Forum Moderators: TheBryster
Bryce F.A.Q (Last Updated: 2025 Jan 23 6:01 pm)
My apologies for disappearing. Connections became impossible last night and I've been really busy on other things today (pesky real life). Connections have been crap today, too (half an hour to get this through after writing). I think it may be my cable ISP. It may be time to move over to ADSL. I will be writing a tutorial, though probably not on this specific setup. This is bizarre fiddling in one dark corner of True Ambience that doesn't really have any practical application. I have merely been pursuing my feeling that ambient-light in True Ambience has optical properties. The tutorial will be on how True Ambience is the best Bryce thing since sliced bread, so long as you're not a Poser figure.

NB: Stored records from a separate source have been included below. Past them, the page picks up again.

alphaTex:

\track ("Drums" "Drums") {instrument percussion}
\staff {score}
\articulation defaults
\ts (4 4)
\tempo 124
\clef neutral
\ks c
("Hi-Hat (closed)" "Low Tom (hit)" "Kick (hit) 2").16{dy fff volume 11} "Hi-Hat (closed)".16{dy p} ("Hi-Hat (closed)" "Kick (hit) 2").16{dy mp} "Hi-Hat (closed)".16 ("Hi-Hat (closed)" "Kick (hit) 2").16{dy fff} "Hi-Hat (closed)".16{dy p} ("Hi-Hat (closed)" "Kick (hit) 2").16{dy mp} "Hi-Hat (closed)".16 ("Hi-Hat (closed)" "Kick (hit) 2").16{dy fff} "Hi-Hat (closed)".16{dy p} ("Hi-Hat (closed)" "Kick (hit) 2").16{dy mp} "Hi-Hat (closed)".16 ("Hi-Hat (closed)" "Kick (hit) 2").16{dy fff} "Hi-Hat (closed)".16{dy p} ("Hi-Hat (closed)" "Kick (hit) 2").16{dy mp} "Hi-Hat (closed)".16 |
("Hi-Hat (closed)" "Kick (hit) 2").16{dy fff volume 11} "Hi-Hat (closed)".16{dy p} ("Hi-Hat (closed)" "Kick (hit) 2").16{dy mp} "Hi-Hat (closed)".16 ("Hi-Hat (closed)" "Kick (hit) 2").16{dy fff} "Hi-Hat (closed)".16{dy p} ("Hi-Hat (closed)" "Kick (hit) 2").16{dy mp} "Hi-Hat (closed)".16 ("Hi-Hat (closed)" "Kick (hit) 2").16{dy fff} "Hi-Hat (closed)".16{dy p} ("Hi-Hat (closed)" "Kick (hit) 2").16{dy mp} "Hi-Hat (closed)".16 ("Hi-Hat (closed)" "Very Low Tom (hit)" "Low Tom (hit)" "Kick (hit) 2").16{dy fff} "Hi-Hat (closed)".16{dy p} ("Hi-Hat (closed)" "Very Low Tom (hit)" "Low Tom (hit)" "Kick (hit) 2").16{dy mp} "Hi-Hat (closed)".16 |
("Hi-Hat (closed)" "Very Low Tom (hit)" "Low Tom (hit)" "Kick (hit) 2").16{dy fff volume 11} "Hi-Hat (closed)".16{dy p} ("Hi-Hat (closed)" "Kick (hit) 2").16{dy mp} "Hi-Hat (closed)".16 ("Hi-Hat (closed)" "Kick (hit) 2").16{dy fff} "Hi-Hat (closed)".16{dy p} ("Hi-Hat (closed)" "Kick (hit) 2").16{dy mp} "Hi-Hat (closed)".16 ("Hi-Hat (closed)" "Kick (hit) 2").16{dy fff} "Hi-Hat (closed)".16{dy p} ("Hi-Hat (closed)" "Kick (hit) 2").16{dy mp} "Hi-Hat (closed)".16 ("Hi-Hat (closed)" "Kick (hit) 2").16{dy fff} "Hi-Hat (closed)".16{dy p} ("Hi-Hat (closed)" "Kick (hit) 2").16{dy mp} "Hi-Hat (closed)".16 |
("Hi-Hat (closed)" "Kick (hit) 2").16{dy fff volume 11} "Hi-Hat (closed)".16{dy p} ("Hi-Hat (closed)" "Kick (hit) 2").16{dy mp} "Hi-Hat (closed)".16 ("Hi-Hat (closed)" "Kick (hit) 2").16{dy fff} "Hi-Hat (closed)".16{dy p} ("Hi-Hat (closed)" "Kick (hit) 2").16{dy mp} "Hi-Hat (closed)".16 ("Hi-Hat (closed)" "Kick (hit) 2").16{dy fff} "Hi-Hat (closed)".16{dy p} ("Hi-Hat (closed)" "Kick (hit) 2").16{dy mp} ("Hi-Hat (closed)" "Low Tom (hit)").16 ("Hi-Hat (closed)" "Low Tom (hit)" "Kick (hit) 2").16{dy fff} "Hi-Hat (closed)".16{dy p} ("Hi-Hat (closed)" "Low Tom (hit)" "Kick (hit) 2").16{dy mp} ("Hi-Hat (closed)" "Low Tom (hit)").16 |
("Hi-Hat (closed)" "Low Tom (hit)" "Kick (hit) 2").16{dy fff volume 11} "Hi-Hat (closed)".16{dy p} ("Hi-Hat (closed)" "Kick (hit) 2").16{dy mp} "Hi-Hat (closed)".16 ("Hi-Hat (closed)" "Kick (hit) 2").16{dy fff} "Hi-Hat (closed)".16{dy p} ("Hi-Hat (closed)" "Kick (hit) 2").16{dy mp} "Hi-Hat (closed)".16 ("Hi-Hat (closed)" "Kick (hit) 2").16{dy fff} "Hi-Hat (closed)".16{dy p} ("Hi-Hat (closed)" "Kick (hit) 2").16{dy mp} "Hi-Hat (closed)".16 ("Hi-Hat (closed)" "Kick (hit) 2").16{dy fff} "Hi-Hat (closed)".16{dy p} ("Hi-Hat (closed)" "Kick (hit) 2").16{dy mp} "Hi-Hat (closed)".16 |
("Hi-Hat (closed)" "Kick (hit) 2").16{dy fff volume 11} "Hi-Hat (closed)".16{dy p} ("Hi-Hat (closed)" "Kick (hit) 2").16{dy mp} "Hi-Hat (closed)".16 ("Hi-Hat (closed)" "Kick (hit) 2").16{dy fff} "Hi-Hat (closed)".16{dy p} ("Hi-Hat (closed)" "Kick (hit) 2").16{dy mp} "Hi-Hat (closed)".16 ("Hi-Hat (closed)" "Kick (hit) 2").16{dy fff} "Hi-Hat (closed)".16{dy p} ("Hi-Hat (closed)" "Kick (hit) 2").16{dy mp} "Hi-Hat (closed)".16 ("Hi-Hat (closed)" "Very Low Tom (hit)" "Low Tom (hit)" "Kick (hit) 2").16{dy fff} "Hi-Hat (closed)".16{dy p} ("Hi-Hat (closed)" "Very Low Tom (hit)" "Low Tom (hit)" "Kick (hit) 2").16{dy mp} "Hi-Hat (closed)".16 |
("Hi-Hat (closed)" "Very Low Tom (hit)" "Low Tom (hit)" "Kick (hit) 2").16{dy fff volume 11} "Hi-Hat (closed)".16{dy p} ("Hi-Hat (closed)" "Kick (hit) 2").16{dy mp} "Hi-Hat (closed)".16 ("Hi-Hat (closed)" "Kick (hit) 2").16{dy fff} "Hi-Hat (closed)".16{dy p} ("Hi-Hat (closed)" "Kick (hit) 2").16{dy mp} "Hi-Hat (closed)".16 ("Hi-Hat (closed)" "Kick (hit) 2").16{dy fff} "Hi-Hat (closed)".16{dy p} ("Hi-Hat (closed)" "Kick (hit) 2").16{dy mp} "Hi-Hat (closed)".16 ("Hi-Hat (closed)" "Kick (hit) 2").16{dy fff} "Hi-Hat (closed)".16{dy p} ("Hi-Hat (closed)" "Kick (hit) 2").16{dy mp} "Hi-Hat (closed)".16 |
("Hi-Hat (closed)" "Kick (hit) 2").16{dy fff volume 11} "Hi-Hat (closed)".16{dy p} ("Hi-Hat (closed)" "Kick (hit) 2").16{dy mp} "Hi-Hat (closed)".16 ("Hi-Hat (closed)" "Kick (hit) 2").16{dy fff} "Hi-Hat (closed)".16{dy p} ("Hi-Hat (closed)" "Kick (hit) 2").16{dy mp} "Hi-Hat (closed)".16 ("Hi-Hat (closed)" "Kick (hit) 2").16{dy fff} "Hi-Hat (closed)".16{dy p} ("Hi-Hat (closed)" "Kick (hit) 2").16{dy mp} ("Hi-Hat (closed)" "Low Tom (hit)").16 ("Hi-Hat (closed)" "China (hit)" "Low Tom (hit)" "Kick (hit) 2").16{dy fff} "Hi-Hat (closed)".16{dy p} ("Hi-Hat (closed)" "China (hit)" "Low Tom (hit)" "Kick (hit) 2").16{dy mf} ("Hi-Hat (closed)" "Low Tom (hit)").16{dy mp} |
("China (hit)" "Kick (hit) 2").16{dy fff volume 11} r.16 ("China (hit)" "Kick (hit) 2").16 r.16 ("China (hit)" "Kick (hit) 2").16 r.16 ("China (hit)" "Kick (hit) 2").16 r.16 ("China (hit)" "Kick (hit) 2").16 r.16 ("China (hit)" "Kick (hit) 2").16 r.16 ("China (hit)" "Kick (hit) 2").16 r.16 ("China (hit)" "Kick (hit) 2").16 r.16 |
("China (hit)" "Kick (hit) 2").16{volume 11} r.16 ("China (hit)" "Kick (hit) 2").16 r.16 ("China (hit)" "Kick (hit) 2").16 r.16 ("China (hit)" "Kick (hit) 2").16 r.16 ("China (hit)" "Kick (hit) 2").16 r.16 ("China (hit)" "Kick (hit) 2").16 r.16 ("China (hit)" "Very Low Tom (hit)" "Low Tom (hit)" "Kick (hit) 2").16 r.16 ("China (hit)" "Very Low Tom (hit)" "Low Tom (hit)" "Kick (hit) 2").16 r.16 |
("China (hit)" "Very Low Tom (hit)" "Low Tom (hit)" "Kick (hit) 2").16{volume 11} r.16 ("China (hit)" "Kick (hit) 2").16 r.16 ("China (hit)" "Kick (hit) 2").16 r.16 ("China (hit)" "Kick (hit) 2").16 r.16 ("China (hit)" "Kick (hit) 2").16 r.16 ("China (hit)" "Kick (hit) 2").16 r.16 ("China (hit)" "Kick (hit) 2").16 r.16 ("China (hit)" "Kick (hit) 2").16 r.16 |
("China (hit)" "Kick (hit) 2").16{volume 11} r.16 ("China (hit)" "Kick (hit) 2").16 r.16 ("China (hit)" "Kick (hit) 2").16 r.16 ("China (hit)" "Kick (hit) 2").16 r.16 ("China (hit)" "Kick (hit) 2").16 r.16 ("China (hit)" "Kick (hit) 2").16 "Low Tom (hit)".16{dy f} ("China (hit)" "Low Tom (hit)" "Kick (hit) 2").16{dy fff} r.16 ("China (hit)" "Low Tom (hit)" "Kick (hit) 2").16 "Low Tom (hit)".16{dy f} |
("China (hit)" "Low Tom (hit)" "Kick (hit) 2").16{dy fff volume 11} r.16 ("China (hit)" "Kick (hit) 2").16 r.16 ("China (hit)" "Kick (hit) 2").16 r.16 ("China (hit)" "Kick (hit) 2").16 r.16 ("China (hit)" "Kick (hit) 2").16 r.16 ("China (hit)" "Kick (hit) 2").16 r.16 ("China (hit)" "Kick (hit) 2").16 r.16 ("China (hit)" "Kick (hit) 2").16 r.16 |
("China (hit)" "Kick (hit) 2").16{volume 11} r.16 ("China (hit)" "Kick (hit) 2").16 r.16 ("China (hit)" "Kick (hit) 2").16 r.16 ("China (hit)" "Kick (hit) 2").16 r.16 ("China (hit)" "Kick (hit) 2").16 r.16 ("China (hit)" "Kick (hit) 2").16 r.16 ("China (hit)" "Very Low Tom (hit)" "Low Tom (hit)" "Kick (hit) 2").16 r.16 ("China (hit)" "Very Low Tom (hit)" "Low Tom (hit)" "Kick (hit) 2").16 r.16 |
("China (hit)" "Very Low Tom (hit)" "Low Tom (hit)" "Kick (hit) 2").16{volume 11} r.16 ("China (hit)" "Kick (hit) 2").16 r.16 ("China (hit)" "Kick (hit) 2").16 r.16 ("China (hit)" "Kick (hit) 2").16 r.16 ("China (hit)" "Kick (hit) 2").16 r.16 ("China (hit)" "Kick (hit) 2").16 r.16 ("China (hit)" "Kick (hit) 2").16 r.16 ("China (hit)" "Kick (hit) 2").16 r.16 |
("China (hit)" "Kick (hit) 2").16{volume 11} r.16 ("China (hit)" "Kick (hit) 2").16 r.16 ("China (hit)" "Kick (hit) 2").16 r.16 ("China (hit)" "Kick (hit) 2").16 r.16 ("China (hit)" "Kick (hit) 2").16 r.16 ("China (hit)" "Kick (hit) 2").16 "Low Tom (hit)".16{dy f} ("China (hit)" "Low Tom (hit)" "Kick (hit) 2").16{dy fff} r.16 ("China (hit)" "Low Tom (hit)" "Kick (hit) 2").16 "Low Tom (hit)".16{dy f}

unityboxer, you're nearly there with your scene. Make the ambient level for the ground and ball much darker (I use the colour picker rather than the slider as it gives more control). To compensate for the darkness, you need more light. Select your ambient-light-source-surface and set reflection and transparency to 100 (as well as max ambience). This will increase the render times. You can also replicate the ambient-light-source-surface and stack them (I think you have to move each one slightly off axis from the rest, and this might not work with the reflection set to max (no time to fiddle at the moment). But hey, you can already see the caustics in yours as it is.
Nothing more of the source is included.